Of all the playwrights of England's "Angry" renaissance of the late '50s, Arnold Wesker is perhaps the least known here in America. He happens also to be about the best of a good lot. John Osborne, Wesker, Shelagh Delaney, Brendan Behan—it's easy to think of them all (and not just poor Behan) in the past tense. Nothing fails with such finality as a revolution that succeeds.
But Arnold Wesker is a special case. It is puzzling, really, that his plays have not traveled well to this side. He is Jewish and of working class origins—and his writing (in particular his early work) seems to have quite a lot in common with that of American Jewish playwrights, such as Clifford Odets and Arthur Miller. But that, perhaps, is just the trouble: it may be that Wesker seems too familiar, that his work may be too much in a mode we think of as more or less American. Perhaps theater audiences here look for something more exotic in their imported plays—something distinctly "English."
If that is the case, I wonder how this collection of stories, Love Letters on Blue Paper, will fare here. It cannot possibly get the audience it deserves, for if it did that, it would shoot to the top of the best-seller list…. [Three] of the five stories in it ["Six Sundays in January," "The Man Who Became Afraid," and the title story] are remarkably good; and one of them, the title story, is as fine as any I've read for a very long time. The trouble is, these, just as some of his plays did, seem somehow "American": some in their Jewishness and others in their technique—the way they go beyond basic storytelling and into a kind of existential mode, communicating a quality of life, making them novels in summary. I suppose that you would, in fact, call the three very good stories "short novels," for they are well over what is usually considered story length….
[The] beautiful "Love Letters on Blue Paper": it is a story of death, of dying, but as the title has it, this one is also, and most importantly, a love story…. [It] is beautifully faceted, suggesting an entire marriage, man and woman, as death comes to part them.
As all this may suggest, Arnold Wesker's great themes are death and the family. Even the two shorter stories in the book, "Pools" and "A Time of Dying," conform perfectly, treating both. His attitude is best summed up in the curtain line of his first play, Chicken Soup With Barley, spoken by a tough matriarch to her son, the would-be-poet: "If you don't care you'll die." Wesker cares. And the extent and depth of the concern he shows in these stories may yet win him at least the beginning of an audience here in America. Then, perhaps, the plays.
Bruce Cook, "Return to Sender," in Book World—The Washington Post (© The Washington Post), June 1, 1975, p. 2.

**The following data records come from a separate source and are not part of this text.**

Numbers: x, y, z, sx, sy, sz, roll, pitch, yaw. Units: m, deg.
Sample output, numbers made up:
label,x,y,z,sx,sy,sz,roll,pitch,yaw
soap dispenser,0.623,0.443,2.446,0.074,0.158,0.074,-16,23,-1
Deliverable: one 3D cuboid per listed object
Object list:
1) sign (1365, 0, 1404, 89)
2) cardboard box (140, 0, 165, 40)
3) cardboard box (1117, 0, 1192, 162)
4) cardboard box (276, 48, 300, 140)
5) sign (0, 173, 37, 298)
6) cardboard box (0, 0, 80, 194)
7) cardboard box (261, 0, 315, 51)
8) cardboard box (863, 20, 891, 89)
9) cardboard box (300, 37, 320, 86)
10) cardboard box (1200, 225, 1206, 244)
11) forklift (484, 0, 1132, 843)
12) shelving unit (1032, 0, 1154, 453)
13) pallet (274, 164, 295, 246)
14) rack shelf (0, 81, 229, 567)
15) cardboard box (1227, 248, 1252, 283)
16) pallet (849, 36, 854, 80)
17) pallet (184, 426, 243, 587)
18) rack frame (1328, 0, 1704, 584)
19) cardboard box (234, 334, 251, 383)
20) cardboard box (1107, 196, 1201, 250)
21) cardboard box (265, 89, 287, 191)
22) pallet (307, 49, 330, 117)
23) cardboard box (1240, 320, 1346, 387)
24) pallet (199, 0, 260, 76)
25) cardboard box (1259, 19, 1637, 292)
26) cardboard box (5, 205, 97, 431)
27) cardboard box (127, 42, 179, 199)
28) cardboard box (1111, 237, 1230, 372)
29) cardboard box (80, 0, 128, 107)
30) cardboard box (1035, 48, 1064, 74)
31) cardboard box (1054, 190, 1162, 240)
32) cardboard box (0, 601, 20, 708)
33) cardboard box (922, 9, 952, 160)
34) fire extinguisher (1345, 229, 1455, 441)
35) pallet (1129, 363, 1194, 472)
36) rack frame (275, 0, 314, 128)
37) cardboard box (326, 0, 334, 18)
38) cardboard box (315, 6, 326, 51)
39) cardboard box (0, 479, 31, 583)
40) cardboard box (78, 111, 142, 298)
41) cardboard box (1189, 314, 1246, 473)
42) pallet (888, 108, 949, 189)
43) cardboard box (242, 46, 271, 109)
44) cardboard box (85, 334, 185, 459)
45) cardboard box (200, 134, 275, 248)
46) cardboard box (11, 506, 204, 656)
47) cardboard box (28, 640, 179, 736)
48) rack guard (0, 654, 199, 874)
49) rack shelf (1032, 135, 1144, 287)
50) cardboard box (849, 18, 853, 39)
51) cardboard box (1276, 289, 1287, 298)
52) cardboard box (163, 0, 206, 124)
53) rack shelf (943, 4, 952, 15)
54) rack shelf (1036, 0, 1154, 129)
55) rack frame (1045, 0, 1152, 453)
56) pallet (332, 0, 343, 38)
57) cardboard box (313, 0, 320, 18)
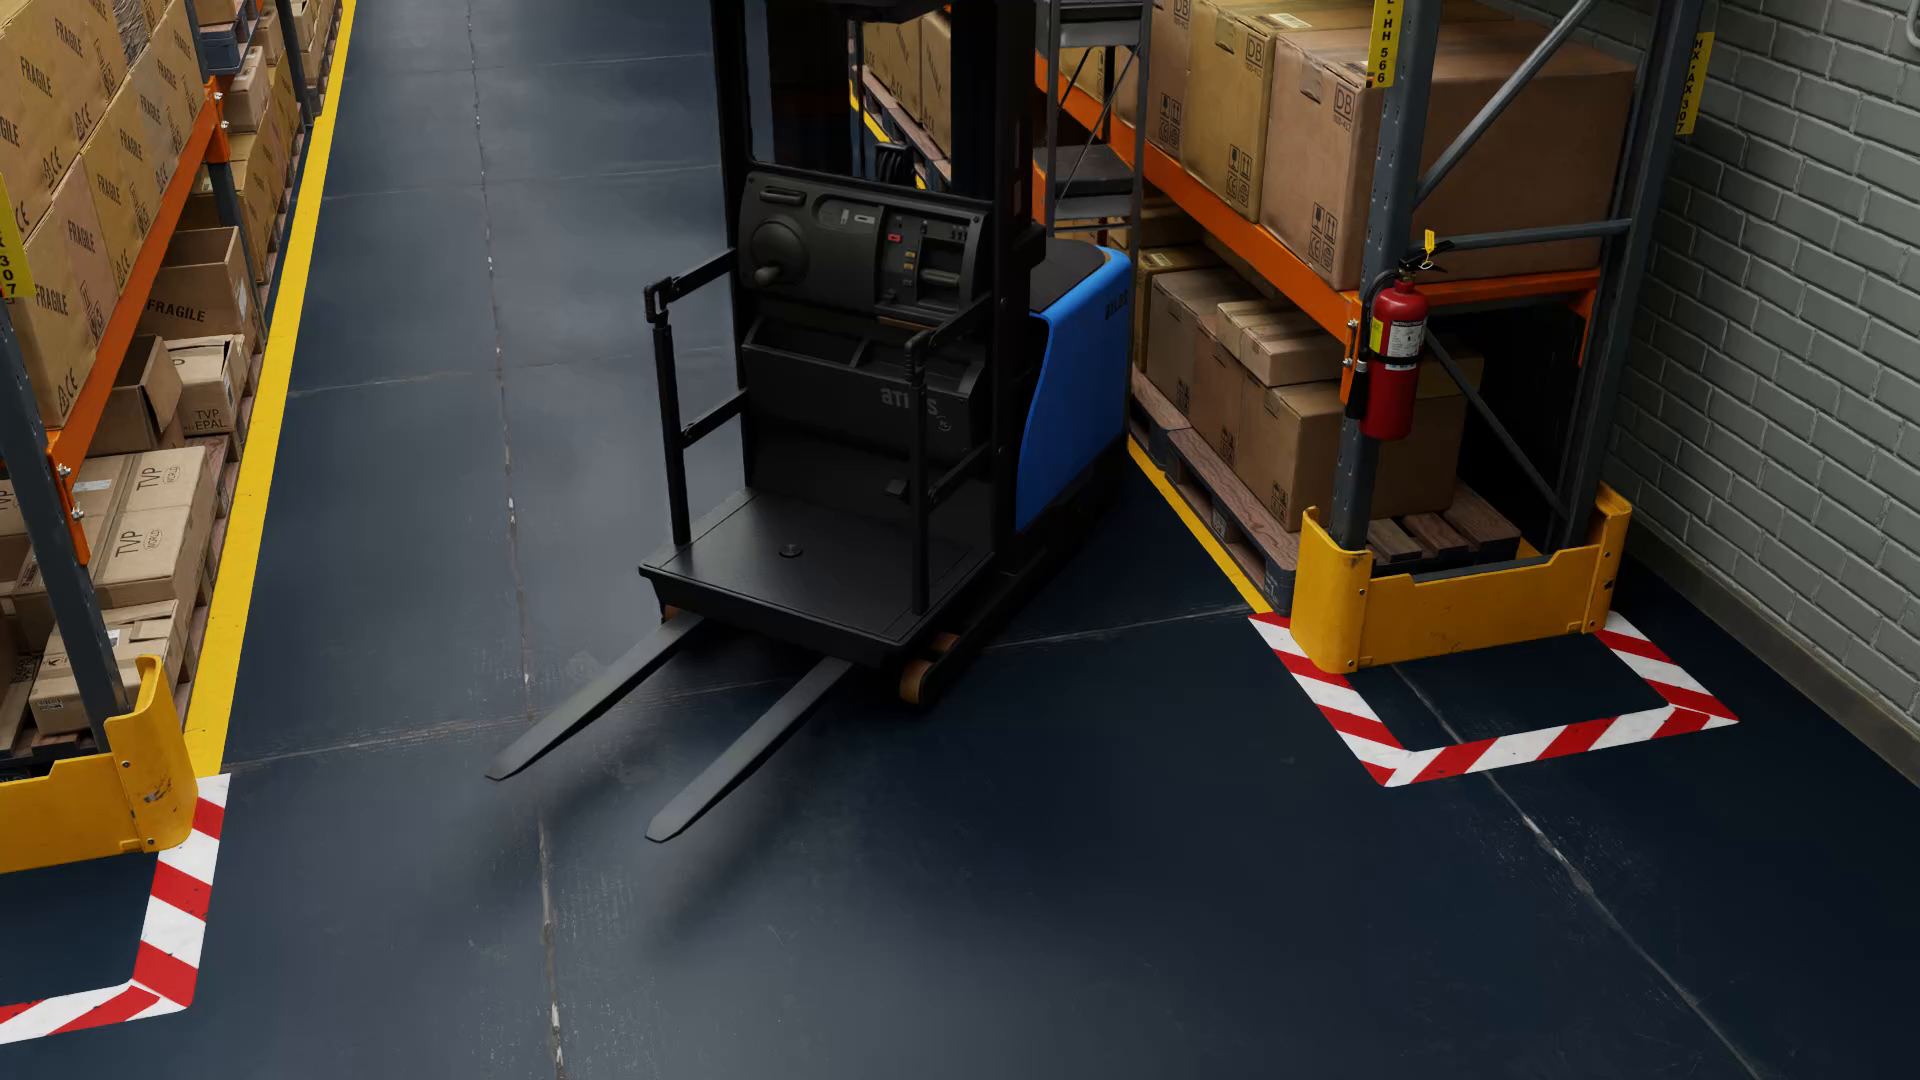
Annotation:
label,x,y,z,sx,sy,sz,roll,pitch,yaw
sign,1.281,-1.522,4.994,0.100,0.325,0.005,-8,31,-13
cardboard box,-3.506,-2.275,6.588,0.500,0.500,0.500,-8,31,-14
cardboard box,1.266,-2.078,7.047,0.980,0.700,0.700,-9,31,-16
cardboard box,-4.616,-2.876,10.780,0.500,0.500,0.500,-7,31,-11
sign,-2.444,-0.771,4.223,0.100,0.325,0.005,-8,31,-13
cardboard box,-2.977,-1.301,4.905,0.500,0.500,0.500,-8,31,-13
cardboard box,-4.946,-3.714,11.938,0.500,0.311,0.500,-7,31,-12
cardboard box,-0.247,-3.727,11.921,0.750,0.750,0.750,-8,31,-14
cardboard box,-4.946,-3.471,12.079,0.500,0.250,0.500,-8,31,-13
cardboard box,1.277,-1.515,7.801,0.380,0.149,0.250,-8,31,-13
forklift,-0.444,-0.950,5.465,1.130,2.935,3.031,15,33,24
shelving unit,0.499,-1.403,7.075,0.431,2.100,0.503,-6,30,-10
pallet,-4.608,-2.027,10.041,1.003,0.211,1.213,-8,31,-13
rack shelf,-3.498,-0.978,6.164,1.077,0.370,4.000,-8,31,-13
cardboard box,1.414,-1.268,7.375,0.380,0.149,0.250,-8,31,-13
pallet,-0.521,-4.019,13.482,1.003,0.211,1.213,-8,31,-13
pallet,-3.520,-0.127,6.758,1.003,0.211,1.213,-8,31,-13
rack frame,1.808,-0.984,5.456,1.000,3.000,0.127,-8,31,-13
cardboard box,-3.447,-0.802,7.547,0.380,0.149,0.250,-8,31,-13
cardboard box,0.900,-1.480,7.742,0.380,0.149,0.250,-9,31,-15
cardboard box,-4.333,-2.373,9.912,0.500,0.500,0.500,-9,31,-15
pallet,-5.271,-3.384,12.385,1.003,0.211,1.213,-8,31,-13
cardboard box,1.316,-0.727,6.441,0.380,0.149,0.250,-8,31,-14
pallet,-4.136,-2.573,8.393,1.003,0.211,1.213,-8,31,-13
cardboard box,1.663,-1.359,5.804,0.980,0.700,0.700,-6,31,-11
cardboard box,-2.831,-0.616,4.721,0.500,0.500,0.500,-7,31,-12
cardboard box,-3.372,-1.595,6.412,0.500,0.500,0.500,-7,31,-12
cardboard box,1.110,-1.150,7.818,0.700,0.500,0.500,-7,31,-12
cardboard box,-3.240,-1.788,5.747,0.500,0.500,0.500,-8,31,-14
cardboard box,0.875,-2.782,8.262,0.980,0.700,0.700,-7,31,-13
cardboard box,0.846,-1.641,8.667,0.700,0.500,0.500,-7,31,-13
cardboard box,-3.349,0.338,5.228,0.500,0.500,0.500,-8,31,-13
cardboard box,0.210,-2.893,10.481,0.750,0.750,0.750,-7,31,-12
fire extinguisher,1.403,-0.655,5.337,0.296,0.674,0.183,-8,31,-13
pallet,1.200,-0.741,7.820,1.003,0.211,1.213,-8,31,-13
rack frame,-5.090,-4.188,10.990,1.000,3.000,0.127,-8,31,-13
cardboard box,-5.494,-4.458,13.783,0.500,0.250,0.500,-7,31,-12
cardboard box,-5.224,-3.964,12.930,0.500,0.250,0.500,-9,31,-15
cardboard box,-3.572,-0.017,6.090,0.500,0.250,0.500,-8,31,-13
cardboard box,-3.103,-1.108,5.570,0.500,0.500,0.500,-8,31,-13
cardboard box,1.393,-0.651,6.956,0.700,0.500,0.500,-8,31,-13
pallet,0.141,-2.662,11.139,1.003,0.211,1.213,-8,31,-13
cardboard box,-4.321,-2.680,9.693,0.500,0.250,0.500,-8,31,-14
cardboard box,-3.525,-0.459,6.601,0.797,0.503,0.637,-8,31,-13
cardboard box,-4.074,-1.886,9.071,0.500,0.500,0.500,-7,31,-13
cardboard box,-2.971,0.134,5.830,0.500,0.250,0.500,-8,31,-13
cardboard box,-2.747,0.472,5.347,0.380,0.149,0.250,-8,31,-13
rack guard,-2.987,0.721,5.005,1.175,0.500,0.348,-8,31,-13
rack shelf,0.499,-1.391,7.082,0.431,0.518,0.480,-6,30,-10
cardboard box,-0.557,-4.297,13.236,0.700,0.500,0.500,-7,31,-13
cardboard box,1.551,-1.021,6.949,0.380,0.149,0.250,-8,31,-13
cardboard box,-3.649,-2.092,7.270,0.500,0.500,0.500,-7,31,-12
rack shelf,0.215,-3.571,10.643,1.077,0.370,4.000,-8,31,-13
rack shelf,0.499,-1.999,6.734,0.431,0.518,0.480,-6,30,-10
rack frame,0.548,-1.284,6.868,0.400,2.100,0.015,-6,30,-10
pallet,-5.919,-4.562,14.421,1.003,0.211,1.213,-8,31,-13
cardboard box,-5.227,-4.213,12.801,0.500,0.311,0.500,-9,31,-15

Mr. Wesker, a Londoner, has been known here mainly as a playwright, and three of the five stories in ["Love Letters on Blue Paper"] might well be improved if they could somehow be staged. Like many modern dramas, they tell of unexceptional people struggling with vague and confused feelings, and the forms in which they express these feelings—the inner monologues of a thirty-five-year-old Hampstead mother overtaken by ennui and self-doubt, the jottings and musings of a Jewish widow living on dreams of winning the football pool, and the sudden, surprising love letters of a wife to her dying husband—are histrionic in a way that doesn't stand up on paper but that might be effective in the speech of a resourceful actress. Of the two remaining stories, one is a gentle, factual account of a period of deadly coincidences in the author's family, and the other is a formal tale—almost a fable—about a British businessman whose spiritual malaise curiously resembles that of his fictional suburban-American counterparts. On the whole, this book isn't quite funny enough or touching enough to be enthusiastically recommended, but it has its rewards of sentiment and insight. (p. 126)
The New Yorker (© 1975 by The New Yorker Magazine, Inc.), June 9, 1975.